Which lines in the records below contain the word "answer"? Return each of them.

[Stored records]
==========

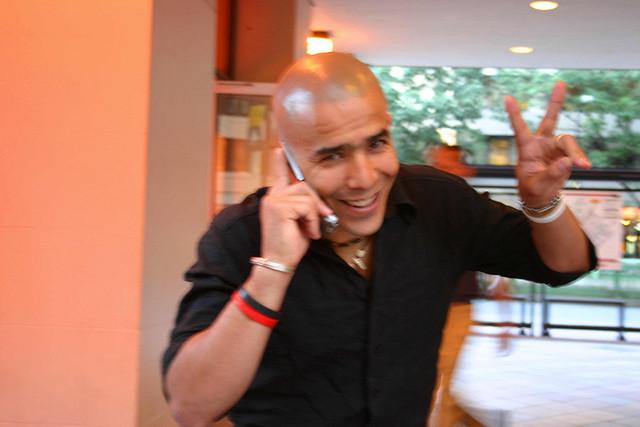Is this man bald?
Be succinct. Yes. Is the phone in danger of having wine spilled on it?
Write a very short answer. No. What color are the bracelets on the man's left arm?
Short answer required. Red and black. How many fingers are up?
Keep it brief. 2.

==========

### FINISHED TASK
Write a very short answer. No. What color are the bracelets on the man's left arm?
Short answer required. Red and black. How many fingers are up?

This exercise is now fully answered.